Abstract
Insertional mutagenesis approaches, especially by T-DNA, play important roles in gene function studies of the model plant Arabidopsis thaliana. GABI-Kat SimpleSearch (http://www.GABI-Kat.de) is a Flanking Sequence Tag (FST)-based database for T-DNA insertion mutants generated by the GABI-Kat project. Currently, the database contains >108 000 mapped FSTs from ∼64 000 lines which cover 64% of all annotated A.thaliana protein-coding genes. The web interface allows searching for relevant insertions by gene code, keyword, line identifier, GenBank accession number of the FST, and also by BLAST. A graphic display of the genome region around the gene or the FST assists users to select insertion lines of their interests. About 3500 insertions were confirmed in the offspring of the plant from which the original FST was generated, and the seeds of these lines are available from the Nottingham Arabidopsis Stock Centre. The database now also contains additional information such as segregation data, gene-specific primers and confirmation sequences. This information not only helps users to evaluate the usefulness of the mutant lines, but also covers a big part of the molecular characterization of the insertion alleles.
INTRODUCTION
Insertional mutagenesis approaches by using transposable elements or Agrobacterium T-DNA, play important roles in plant functional genomics (1–4). The use of T-DNA as an insertional mutagen has several advantages (3,4). T-DNA integration results in stable mutations in the genome, as opposed to transposons which often excise after integration. Also, the low number of insertions per transformant significantly reduces the additional work required to remove unwanted mutations. The development of a simple in planta Agrobacterium transformation method for Arabidopsis thaliana allowed the high-throughput production of T-DNA insertion mutants in this model plant (5,6). A number of large T-DNA mutagenized A.thaliana populations have been generated that are intensively used for gene function search studies and other reverse genetics experiments (7–11). Initially, these populations were screened for the desired insertion mutants in the gene of interest by PCR. The PCR was performed with a gene-specific primer and a T-DNA-specific primer on DNA templates from large pools of mutant plants. The identification of a specific PCR product indicated the existence of a T-DNA insertion in the gene of interest, and the respective mutant was then identified by pool deconvolution. An alternative strategy, which gained popularity in recent years, was to amplify the DNA fragments flanking the T-DNA insertion sites of individual plants with special PCR-based methods, and to sequence-characterize the various insertion alleles. When the whole genome sequence of the species is available, the resulting Flanking Sequence Tags (FSTs) can be mapped to the pseudo-chromosomes and indexed in databases. As a result, the screening for a mutant insertion allele of a given gene is simplified to a search for the corresponding FST in the database. Obviously, the number of insertion mutants and FSTs in the database should be large enough to allow most of the genes being covered (3).

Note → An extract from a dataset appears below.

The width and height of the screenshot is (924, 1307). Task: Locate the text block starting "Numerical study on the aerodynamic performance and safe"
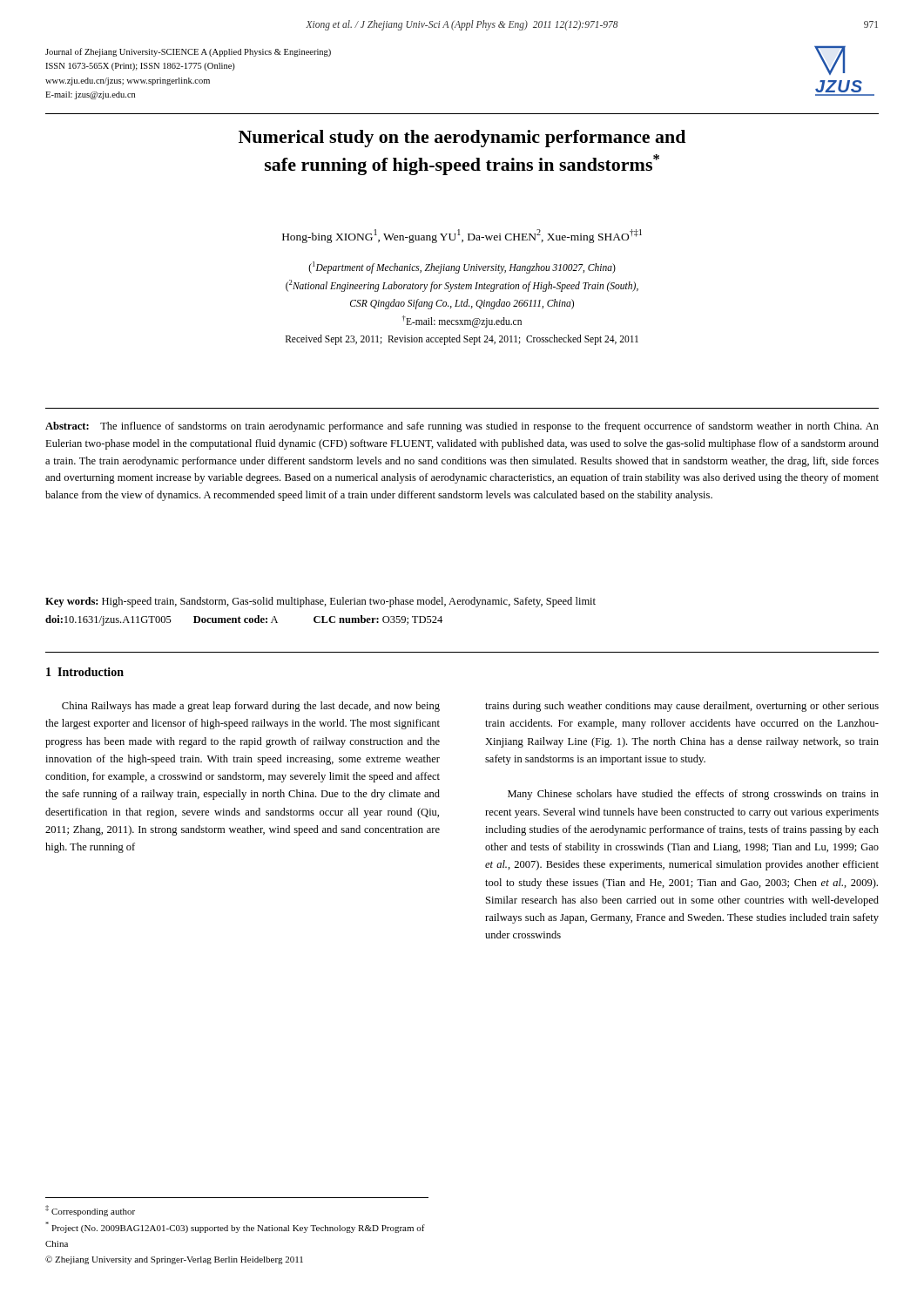point(462,151)

The aim of the GABI-Kat project was to build a large T-DNA mutagenized A.thaliana population with sequence-indexed insertion sites (11). In June 2002, GABI-Kat SimpleSearch, the web interface of the database containing data about the GABI-Kat population, was opened (12). Since then, GABI-Kat lines have been ordered by many scientists from all around the world, and thousands of confirmed insertion mutants have been delivered to the scientific community. This shows that the GABI-Kat population became one of the major reverse genetics resources for A.thaliana functional genomics.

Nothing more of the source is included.